Our results demonstrated that incorporating radiomic features into the clinical predictive model could improve its overall performance in predicting LC/LF (16% relative improvement in AUC). Recently, Mouraviev et al. also reported a 19% relative increase in AUC for outcome prediction in brain metastasis undergoing SRS when radiomic and clinical features were applied together, compared to the clinical features alone36. The results of our study, however, demonstrated that adding clinical features to a radiomic-based outcome prediction model does not necessarily result in an improvement in its performance. Despite utilizing clinical features, such as histologic subtype, size of the tumour and radiation dose that have been shown to be predictive of survival of patients in several brain metastases studies, the radiomic features outperformed these factors38,51,52. One possible explanation is that clinical features of the relatively large tumours investigated in this study can partially be described by their morphological and textural features. In other words, these features are less predictive than the radiomic features applied in this study, and also do not complement the radiomic model. As such, forcing them into the model would only increase the dimension of the feature space, hence the complexity of problem, and can reduce the overall performance of the model.

The efficacy of the optimal quantitative MRI biomarker developed in this study was further assessed through long-term survival evaluations using the Kaplan–Meier analysis. The survival curves obtained for the patients with an a priori LC versus LF predicted outcome demonstrated a statistically significant difference. A similar difference was observed between the two patient cohorts identified many months later at post-treatment using the RANO-BM criteria. The results imply the potential of the outcome prediction models based on quantitative MRI to stratify the brain metastasis patients at pre-treatment into low and high risk groups with significantly different long-term outcomes, consistent with those based on standard clinical criteria that are available many months later after the treatment.

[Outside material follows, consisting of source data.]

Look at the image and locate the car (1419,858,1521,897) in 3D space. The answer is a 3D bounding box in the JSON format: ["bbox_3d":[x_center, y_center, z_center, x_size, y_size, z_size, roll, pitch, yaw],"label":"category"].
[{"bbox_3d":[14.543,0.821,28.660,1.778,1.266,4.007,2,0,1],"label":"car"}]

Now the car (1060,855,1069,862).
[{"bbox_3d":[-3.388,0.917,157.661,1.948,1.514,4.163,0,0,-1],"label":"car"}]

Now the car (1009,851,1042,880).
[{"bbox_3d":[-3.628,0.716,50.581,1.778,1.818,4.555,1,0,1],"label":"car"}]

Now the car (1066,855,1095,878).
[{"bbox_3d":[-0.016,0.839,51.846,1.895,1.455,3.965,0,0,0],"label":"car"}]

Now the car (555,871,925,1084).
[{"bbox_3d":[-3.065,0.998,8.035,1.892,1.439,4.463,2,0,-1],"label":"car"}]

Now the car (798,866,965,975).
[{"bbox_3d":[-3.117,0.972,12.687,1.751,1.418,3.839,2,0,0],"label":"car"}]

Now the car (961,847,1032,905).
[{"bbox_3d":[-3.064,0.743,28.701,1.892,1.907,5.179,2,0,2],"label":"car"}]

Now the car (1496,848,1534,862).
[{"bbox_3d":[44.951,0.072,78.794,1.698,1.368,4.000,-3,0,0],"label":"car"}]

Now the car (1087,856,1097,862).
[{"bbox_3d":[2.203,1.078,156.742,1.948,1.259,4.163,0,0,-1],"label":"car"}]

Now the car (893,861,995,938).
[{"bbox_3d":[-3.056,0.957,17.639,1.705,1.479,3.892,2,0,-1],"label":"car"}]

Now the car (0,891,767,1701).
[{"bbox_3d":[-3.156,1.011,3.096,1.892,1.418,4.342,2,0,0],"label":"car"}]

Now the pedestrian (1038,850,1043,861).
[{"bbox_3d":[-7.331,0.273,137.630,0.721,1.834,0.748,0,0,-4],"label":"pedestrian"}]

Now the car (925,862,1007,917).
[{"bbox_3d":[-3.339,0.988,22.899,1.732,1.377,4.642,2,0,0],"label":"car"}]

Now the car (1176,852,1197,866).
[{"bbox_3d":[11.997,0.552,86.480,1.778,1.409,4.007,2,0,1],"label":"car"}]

In conclusion, the results of this study on outcome prediction and survival assessment at pre-treatment are promising and demonstrate a good potential of the proposed methodology in improving clinical risk assessment and treatment planning for brain metastasis patients. However, for further assessment of the efficacy and robustness of the technique in the clinic and investigating its performance on smaller lesions and other dose/fraction regimens, subsequent studies are required on larger cohorts of patients and possibly with multi-institutional data.